Isolating Unisolated Upsilons with Anomaly Detection in CMS Open Data

Experimental Physics

Authors

Rikab Gambhir, Radha Mastandrea, Benjamin Nachman, Jesse Thaler

Abstract

We present the first study of anti-isolated Upsilon decays to two muons ($Υ\to μ^+ μ^-$) in proton-proton collisions at the Large Hadron Collider. Using a machine learning (ML)-based anomaly detection strategy, we "rediscover" the $Υ$ in 13 TeV CMS Open Data from 2016, despite overwhelming anti-isolated backgrounds. We elevate the signal significance to $6.4 σ$ using these methods, starting from $1.6 σ$ using the dimuon mass spectrum alone. Moreover, we demonstrate improved sensitivity from using an ML-based estimate of the multi-feature likelihood compared to traditional "cut-and-count" methods. Our work demonstrates that it is possible and practical to find real signals in experimental collider data using ML-based anomaly detection, and we distill a readily-accessible benchmark dataset from the CMS Open Data to facilitate future anomaly detection developments.

Concepts

anomaly detection collider physics anti-isolated quarkonia density estimation likelihood ratio normalizing flows hypothesis testing jet physics signal detection classification new physics searches simulation-based inference

The Big Picture

Imagine trying to spot a single whispered conversation in a stadium full of screaming fans during the loudest play of the game. That’s roughly the challenge particle physicists face when searching for rare quantum particles buried inside the chaos of high-energy proton collisions at the Large Hadron Collider. Most searches sidestep this problem by filtering for “quiet” events, particles that emerge cleanly separated from surrounding debris. But what about the signals hiding inside the noise?

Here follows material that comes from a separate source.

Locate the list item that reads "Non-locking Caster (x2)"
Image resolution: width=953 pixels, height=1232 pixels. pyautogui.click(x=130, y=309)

The Upsilon (Υ) is a particle made of a bottom quark and its antimatter partner, a fleeting bundle that forms from the raw energy of collisions and quickly decays into two muons. Physicists have studied it for decades in clean, uncrowded conditions. When an Upsilon forms within a roiling jet of other particles, though, its signal gets drowned out.

That “anti-isolated” scenario is exactly what a team from MIT and Lawrence Berkeley National Laboratory tackled. Nobody had successfully pulled such a signal out of real collider data before. The backgrounds are simply too overwhelming for traditional methods.

Using machine learning-based anomaly detection on publicly available CMS Open Data, the team took a nearly invisible hint and turned it into a clear detection. The signal jumped from a barely perceptible 1.6σ to 6.4σ. In physics, sigma (σ) measures statistical confidence: 5σ is the conventional discovery threshold, meaning the chance of a random fluctuation mimicking the signal is less than one in a million. This result clears that bar.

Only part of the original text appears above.